The task:
Could you copy word for word only the lines between the one containing "Numbers: x, y, z, sx, sy, sz, roll, pitch, yaw." and the end of the listing below, both included, and leave out the pictures?

(Provided material)

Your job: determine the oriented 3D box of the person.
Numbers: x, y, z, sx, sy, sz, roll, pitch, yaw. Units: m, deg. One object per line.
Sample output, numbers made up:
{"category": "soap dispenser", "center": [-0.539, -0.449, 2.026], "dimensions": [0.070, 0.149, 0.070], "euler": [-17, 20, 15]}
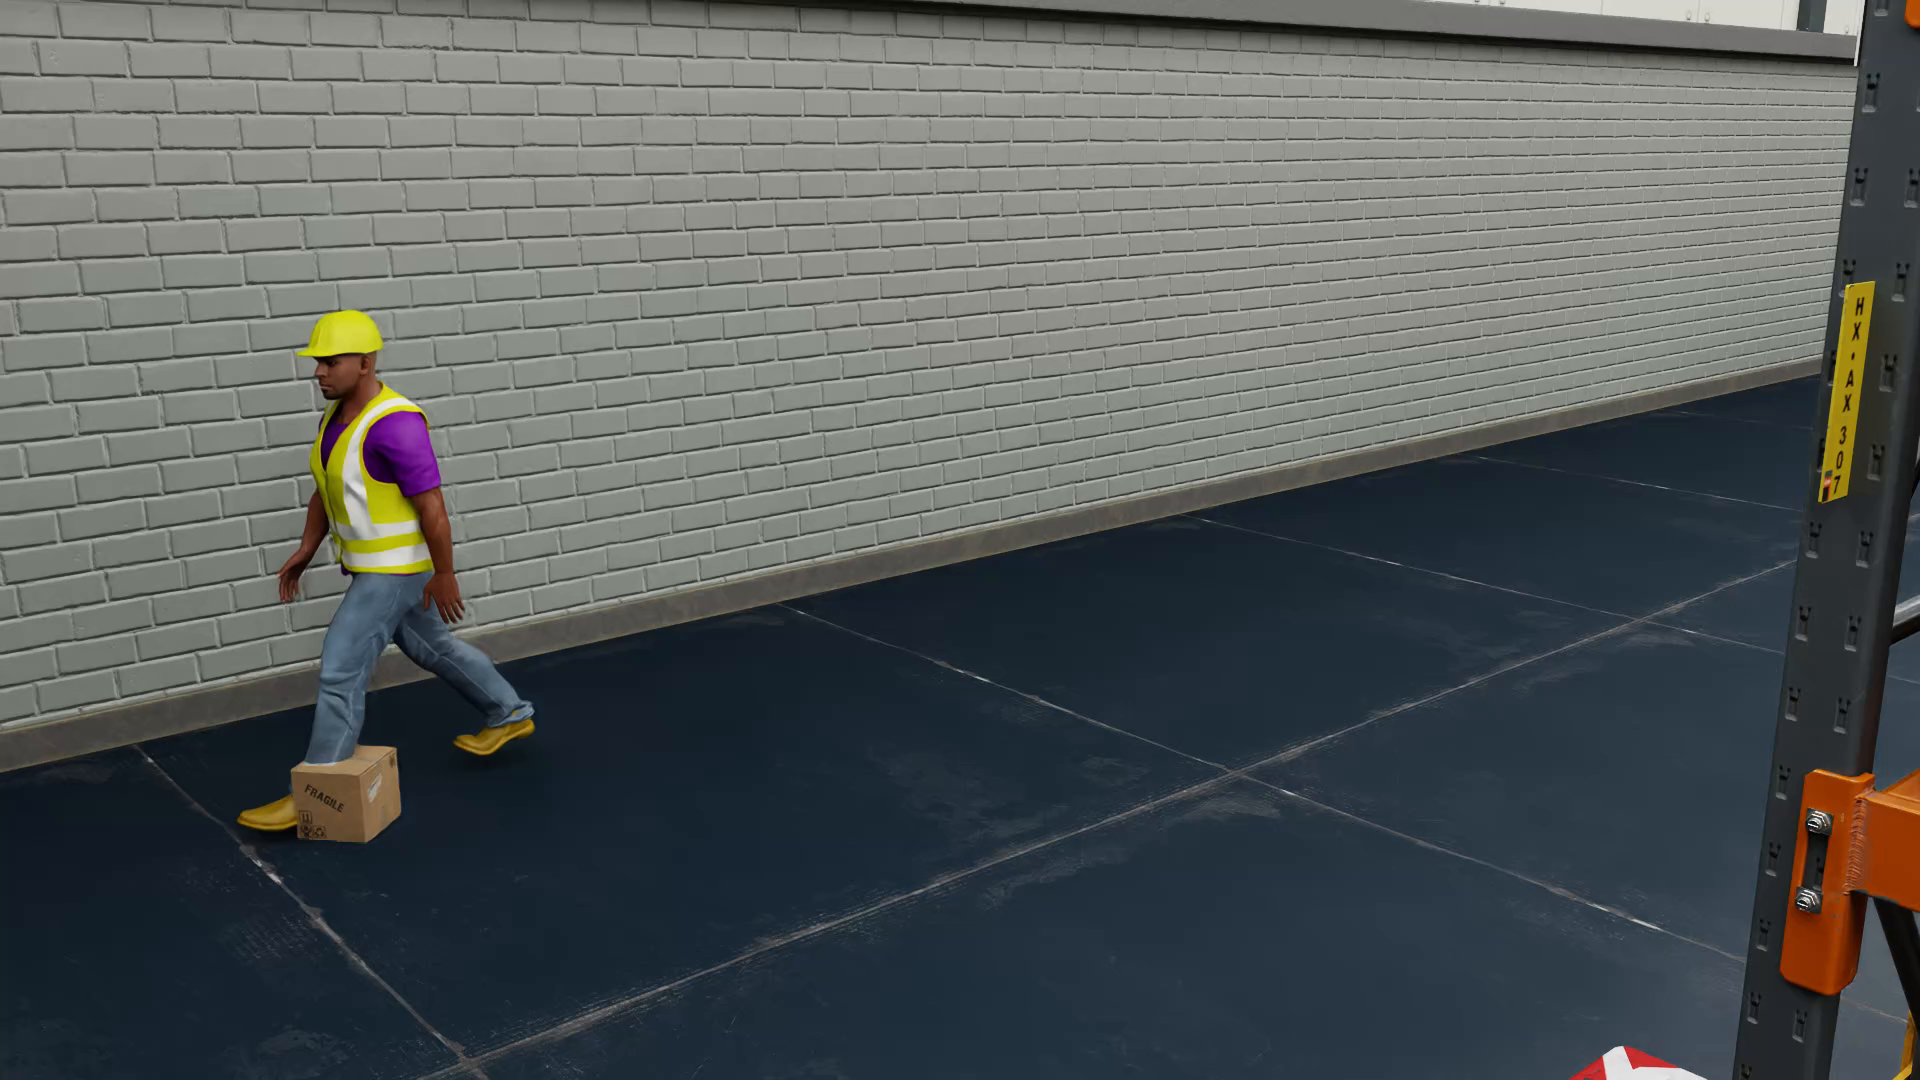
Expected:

(End Provided material)

Result for this exercise:
Numbers: x, y, z, sx, sy, sz, roll, pitch, yaw. Units: m, deg. One object per line.
Sample output, numbers made up:
{"category": "soap dispenser", "center": [-0.539, -0.449, 2.026], "dimensions": [0.070, 0.149, 0.070], "euler": [-17, 20, 15]}
Expected:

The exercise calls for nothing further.